Why JSTOR

As a mission-driven not-for-profit, JSTOR partners with libraries, museums, and publishers to reduce costs, extend access, and preserve scholarship for the future.

We are also continuously working to expand the diversity of content on JSTOR, most recently by providing an openly accessible venue for libraries’ special collections to reach researchers, faculty, and students across the world. We do this because we believe in the power of knowledge to change the world for the better.

While we continue to add content and create new tools and functionality every year, we have never raised our fees — not just this year, or through the duration of the COVID-19 crisis, but over the past 23 years, since the day we launched.

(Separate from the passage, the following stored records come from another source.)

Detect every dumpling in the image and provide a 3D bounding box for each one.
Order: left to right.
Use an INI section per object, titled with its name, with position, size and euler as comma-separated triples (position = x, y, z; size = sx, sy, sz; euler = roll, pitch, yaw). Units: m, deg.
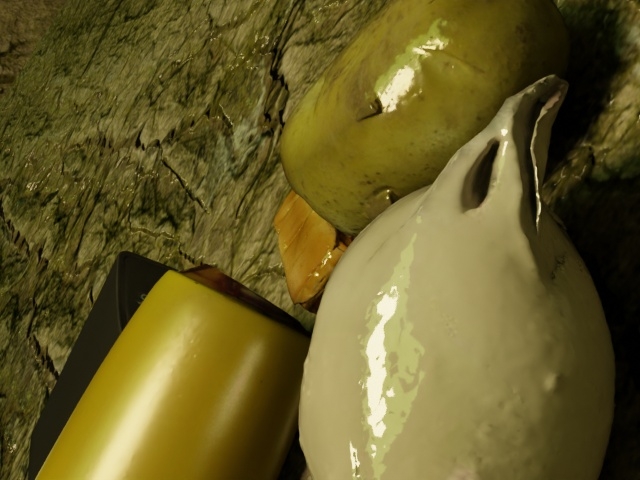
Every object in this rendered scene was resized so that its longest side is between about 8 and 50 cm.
[dumpling]
position = 0.073, 0.092, 0.900
size = 0.260, 0.181, 0.341
euler = 129, 131, -81

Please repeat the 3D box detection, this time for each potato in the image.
[potato]
position = 0.076, -0.096, 1.075
size = 0.228, 0.148, 0.197
euler = -46, -5, 17

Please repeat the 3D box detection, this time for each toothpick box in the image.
[toothpick box]
position = -0.112, 0.159, 1.199
size = 0.271, 0.175, 0.175
euler = -63, 23, -4

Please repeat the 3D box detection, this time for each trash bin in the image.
[trash bin]
position = -0.188, 0.153, 1.441
size = 0.225, 0.115, 0.165
euler = -57, 24, 23

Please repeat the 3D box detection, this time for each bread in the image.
[bread]
position = 0.000, 0.000, 1.264
size = 0.074, 0.053, 0.132
euler = -52, 28, 28
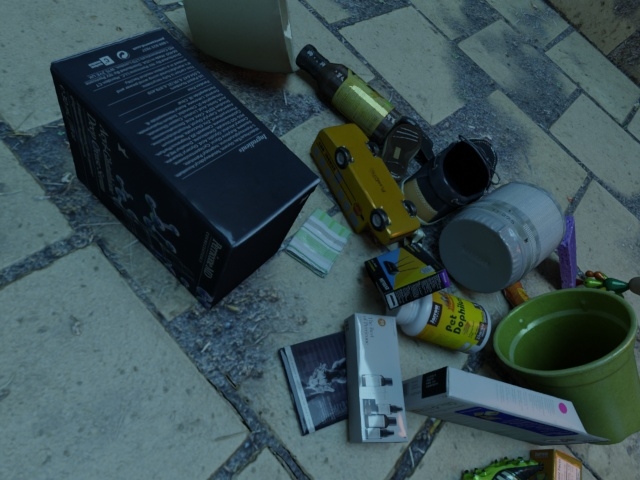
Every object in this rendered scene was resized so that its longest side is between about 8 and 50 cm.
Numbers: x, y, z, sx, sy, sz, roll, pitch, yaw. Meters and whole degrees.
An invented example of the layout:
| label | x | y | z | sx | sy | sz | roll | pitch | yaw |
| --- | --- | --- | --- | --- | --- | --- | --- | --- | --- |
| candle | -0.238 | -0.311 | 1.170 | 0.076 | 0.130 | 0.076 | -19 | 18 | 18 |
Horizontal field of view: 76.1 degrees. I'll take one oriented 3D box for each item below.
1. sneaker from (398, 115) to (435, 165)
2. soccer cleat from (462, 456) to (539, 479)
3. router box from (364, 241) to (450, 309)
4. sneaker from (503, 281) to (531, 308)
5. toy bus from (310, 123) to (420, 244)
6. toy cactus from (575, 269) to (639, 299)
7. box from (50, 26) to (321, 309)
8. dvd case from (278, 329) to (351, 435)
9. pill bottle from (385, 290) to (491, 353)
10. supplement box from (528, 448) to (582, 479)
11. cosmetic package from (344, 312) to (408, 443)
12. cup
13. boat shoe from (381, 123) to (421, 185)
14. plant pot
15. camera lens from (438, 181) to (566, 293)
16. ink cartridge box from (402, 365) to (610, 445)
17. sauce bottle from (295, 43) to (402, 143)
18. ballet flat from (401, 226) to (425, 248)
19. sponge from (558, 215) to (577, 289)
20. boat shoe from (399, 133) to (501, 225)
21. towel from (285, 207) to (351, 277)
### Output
| label | x | y | z | sx | sy | sz | roll | pitch | yaw |
| --- | --- | --- | --- | --- | --- | --- | --- | --- | --- |
| sneaker | 0.283 | -0.291 | 1.219 | 0.170 | 0.051 | 0.089 | 40 | 53 | -11 |
| soccer cleat | 0.369 | 0.490 | 0.828 | 0.179 | 0.060 | 0.072 | -5 | 74 | -18 |
| router box | 0.179 | 0.071 | 0.884 | 0.133 | 0.179 | 0.046 | -22 | 109 | 0 |
| sneaker | 0.533 | 0.165 | 1.067 | 0.064 | 0.067 | 0.175 | 1 | 61 | -21 |
| toy bus | 0.104 | -0.136 | 1.011 | 0.108 | 0.130 | 0.332 | -18 | 71 | -31 |
| toy cactus | 0.868 | 0.140 | 1.166 | 0.219 | 0.180 | 0.112 | 20 | 77 | -6 |
| box | -0.246 | -0.116 | 0.752 | 0.395 | 0.293 | 0.212 | 43 | 56 | 5 |
| dvd case | 0.039 | 0.271 | 0.827 | 0.221 | 0.018 | 0.164 | -9 | 68 | -28 |
| pill bottle | 0.260 | 0.171 | 0.916 | 0.215 | 0.117 | 0.117 | 19 | 57 | -12 |
| supplement box | 0.467 | 0.550 | 0.820 | 0.080 | 0.078 | 0.233 | 30 | 55 | -2 |
| cosmetic package | 0.107 | 0.269 | 0.810 | 0.099 | 0.060 | 0.239 | 9 | 61 | -20 |
| cup | -0.208 | -0.589 | 1.048 | 0.237 | 0.331 | 0.331 | -7 | 63 | 2 |
| boat shoe | 0.204 | -0.224 | 1.125 | 0.095 | 0.095 | 0.257 | 29 | 51 | 4 |
| plant pot | 0.567 | 0.288 | 0.896 | 0.276 | 0.276 | 0.254 | -40 | 106 | -34 |
| camera lens | 0.465 | -0.013 | 1.043 | 0.274 | 0.219 | 0.219 | -27 | 76 | -32 |
| ink cartridge box | 0.361 | 0.345 | 0.827 | 0.371 | 0.176 | 0.069 | 21 | 56 | -11 |
| sauce bottle | 0.076 | -0.425 | 1.171 | 0.344 | 0.111 | 0.111 | 42 | 55 | 1 |
| ballet flat | 0.237 | 0.011 | 1.027 | 0.070 | 0.070 | 0.188 | 18 | 57 | -13 |
| sponge | 0.695 | 0.044 | 1.147 | 0.117 | 0.031 | 0.210 | -57 | 133 | -34 |
| boat shoe | 0.396 | -0.189 | 1.127 | 0.500 | 0.156 | 0.187 | -31 | 86 | -42 |
| towel | 0.000 | 0.000 | 0.957 | 0.113 | 0.023 | 0.152 | 36 | 55 | -2 |

This is a challenging time for all of us. As our community weathers the many challenges of the current environment, we will continue to evolve, all while ensuring reliable access during this time in which students and faculty depend on us more than ever. You can count on us.

Value

More than 1,300 journals in 75 disciplines across the humanities, social sciences, and sciences are included in the JSTOR Corporate Collection. Each year, hundreds of thousands of articles are added to the JSTOR archival journal collections as the moving wall for each journal advances, at no additional cost and while keeping our fees flat for the past 23 years. This means that in the Business and Economics disciplines alone, more than 90,000 articles have been added in the past five years.

If JSTOR had not kept our fees flat since 1997 and instead applied the industry’s typical 3% annual increase, annual fees would now be twice what they are today.

5 year growth – JSTOR Corporate Collection

92k Business & Economics articles added

Our ability to keep fees flat is possible because of the breadth of participation we have been able to build over the past two decades from libraries around the world. We are grateful for that continued support.

Unique benefits

In addition to ever-growing content at no added cost, we are committed to delivering high-quality, curated journal collections that provide full-run coverage and long-term preservation. This has helped to make JSTOR one of the most trusted and relied-upon research and teaching platforms.

A trusted, highly used source

JSTOR is a starting point for researchers and one of the most trusted, highly used platforms. According to the JSTOR 2018 Faculty Tracking Survey, nearly 60% of Humanities faculty surveyed view JSTOR as a primary starting point for their research. In 2019 alone, users conducted 262 million searches, and viewed and downloaded more than 220 million journal articles.

Full coverage

Journals include the full archival run, from volume 1, issue 1, up to the moving wall, including all previous and related titles (excepting very rare cases where issues cannot be located or we are unable to obtain rights to a portion of a title). As a result, many journals on JSTOR have greater coverage than on other providers.

Quality

JSTOR collections are curated and must meet specific criteria. Titles undergo a review process, including journal rankings, in-depth examination of research and citation data, and more.

Consistent access

Titles included in JSTOR archival journal collections will not be withdrawn, so you can be assured that journal content will always be available in JSTOR. In contrast, the titles available in other databases can change from year to year.

Preservation

Future accessibility to scholarship is essential, so JSTOR’s preservation approach includes both print and digital repositories of the entire archive of more than 3,000 journals. This allows libraries to remove print versions from their collections and repurpose shelf space while improving discovery and access. To date, more than 83 million pages of scholarship have been preserved in the archive.

Mission driven, not-for-profit

Thanks to your support, we continue to increase access to education and research around the world. This includes free or low-cost access where needed and collaborating with ITHAKA S+R to improve higher education in prisons. It also enables us to broaden our free and open content, create new tools, and help institutions make their collections openly available.